*** Opening of RECORDS FOR PROCESSING ***
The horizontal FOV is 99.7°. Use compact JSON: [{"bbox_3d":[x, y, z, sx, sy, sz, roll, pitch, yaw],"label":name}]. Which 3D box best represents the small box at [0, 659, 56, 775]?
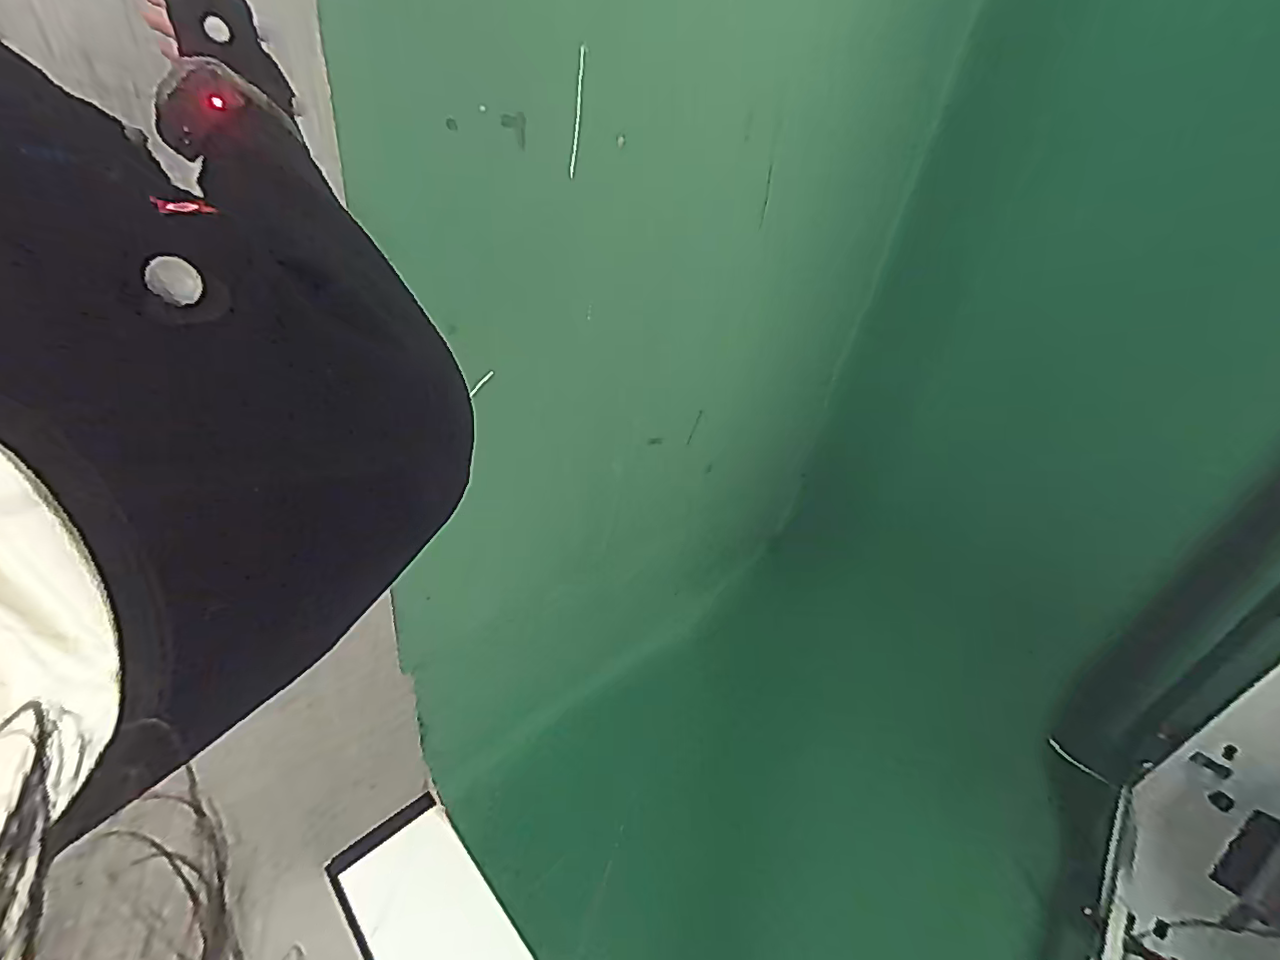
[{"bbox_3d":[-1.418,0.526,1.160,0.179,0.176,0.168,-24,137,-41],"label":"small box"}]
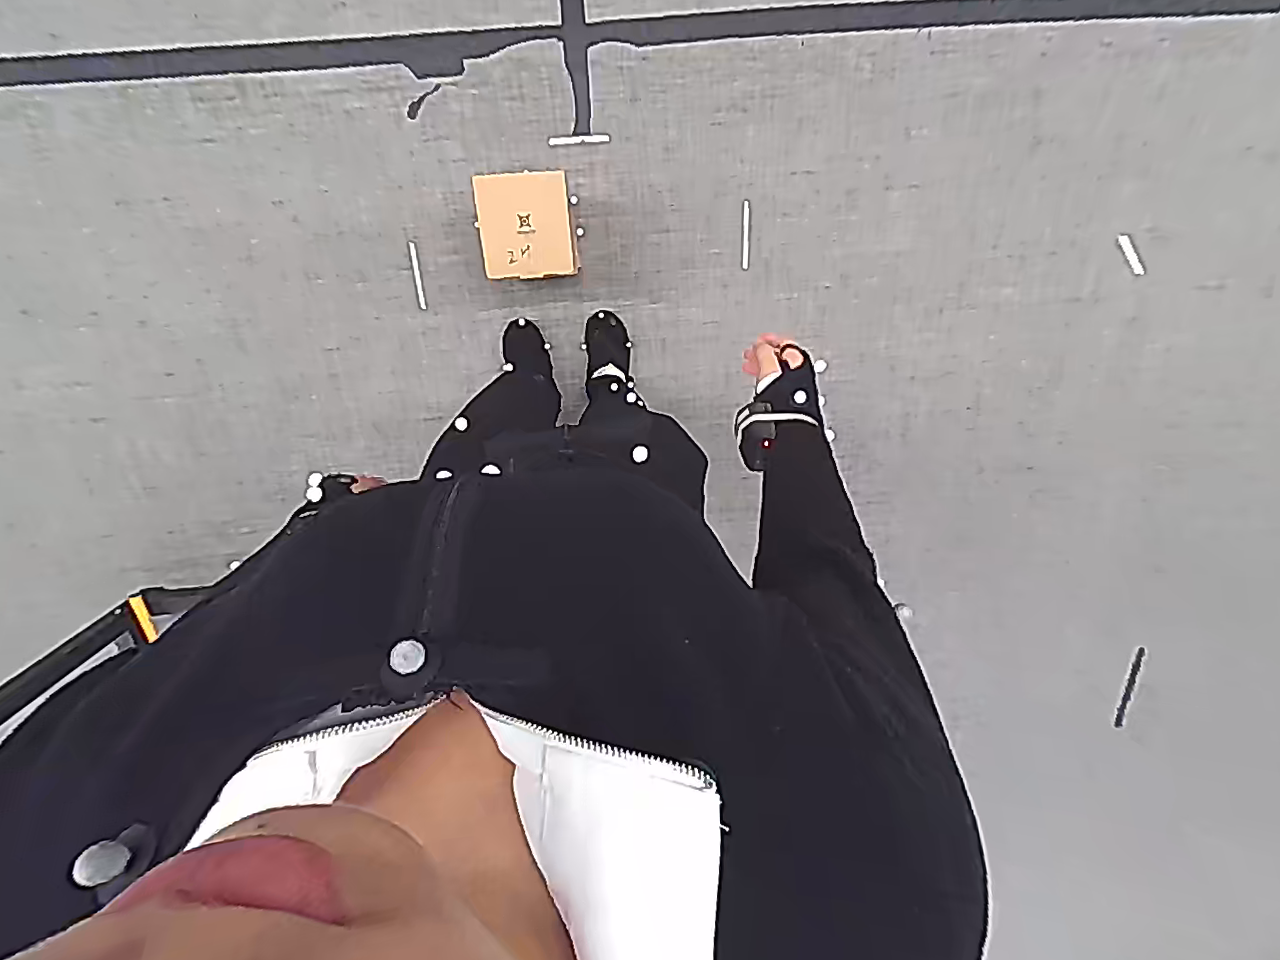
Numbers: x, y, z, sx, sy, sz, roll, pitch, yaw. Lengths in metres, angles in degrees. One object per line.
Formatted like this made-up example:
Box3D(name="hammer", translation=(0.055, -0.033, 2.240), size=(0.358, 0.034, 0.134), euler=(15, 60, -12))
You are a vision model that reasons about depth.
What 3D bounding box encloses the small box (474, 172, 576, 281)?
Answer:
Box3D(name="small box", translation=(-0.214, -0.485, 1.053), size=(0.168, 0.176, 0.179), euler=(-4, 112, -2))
*** Close of RECORDS FOR PROCESSING ***
*** Opening of RECORDS FOR PROCESSING ***
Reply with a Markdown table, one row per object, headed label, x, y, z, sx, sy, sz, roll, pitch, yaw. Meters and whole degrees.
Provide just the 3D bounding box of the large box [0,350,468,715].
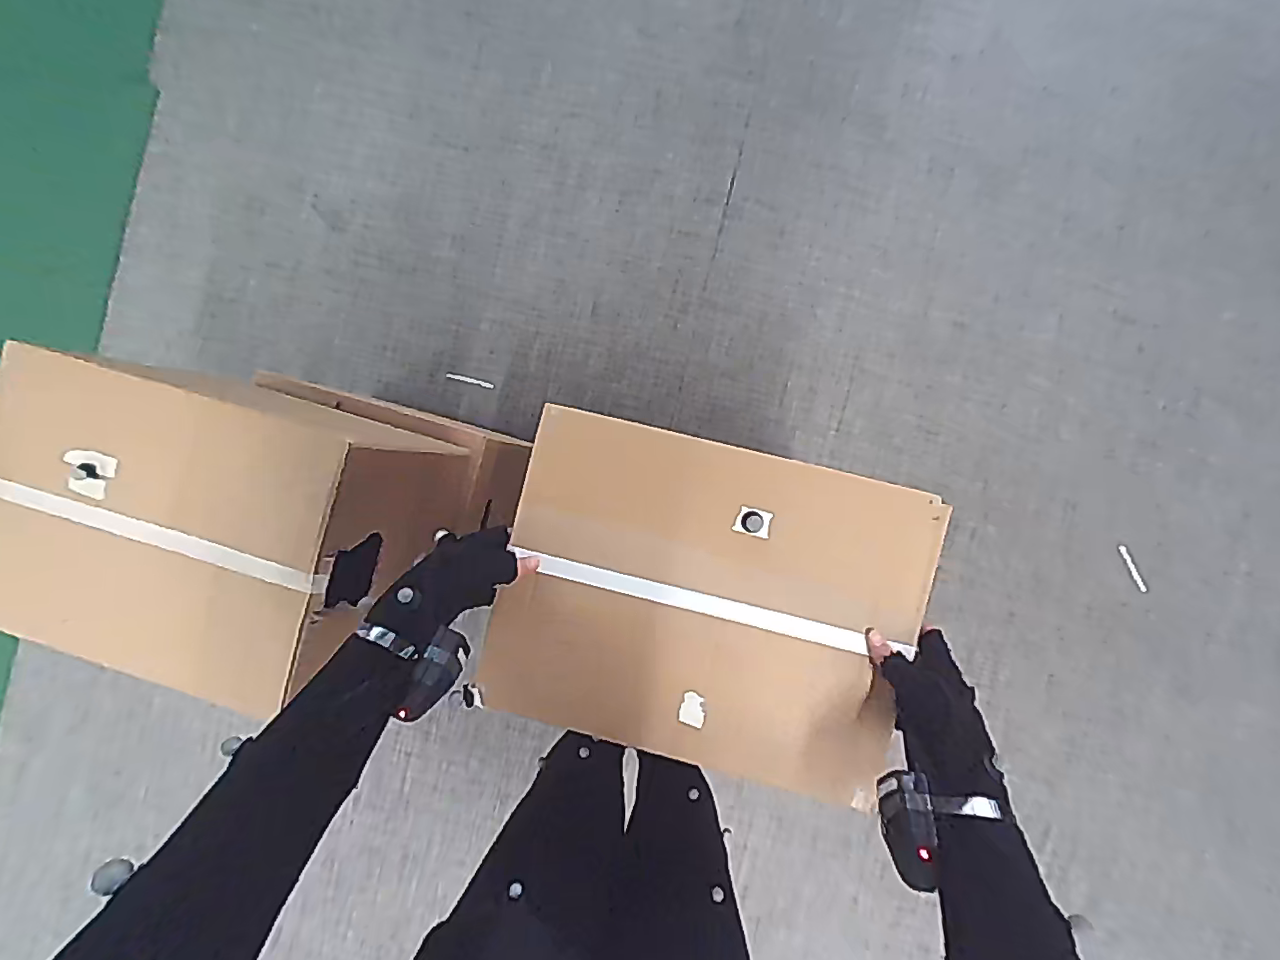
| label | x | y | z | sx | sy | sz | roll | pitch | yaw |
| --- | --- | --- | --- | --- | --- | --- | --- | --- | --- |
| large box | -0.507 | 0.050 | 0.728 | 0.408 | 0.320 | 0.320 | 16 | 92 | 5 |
*** Close of RECORDS FOR PROCESSING ***
*** Opening of RECORDS FOR PROCESSING ***
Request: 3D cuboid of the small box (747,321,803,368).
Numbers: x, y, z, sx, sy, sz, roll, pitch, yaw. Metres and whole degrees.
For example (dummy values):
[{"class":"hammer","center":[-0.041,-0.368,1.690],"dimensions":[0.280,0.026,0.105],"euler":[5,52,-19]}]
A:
*** Close of RECORDS FOR PROCESSING ***
Which lines in the records above contain the word "degrees"? Copy each one.

EXERCISE ANSWER:
Numbers: x, y, z, sx, sy, sz, roll, pitch, yaw. Lengths in metres, angles in degrees. One object per line.
Reply with a Markdown table, one row per object, headed label, x, y, z, sx, sy, sz, roll, pitch, yaw. Meters and whole degrees.
Numbers: x, y, z, sx, sy, sz, roll, pitch, yaw. Metres and whole degrees.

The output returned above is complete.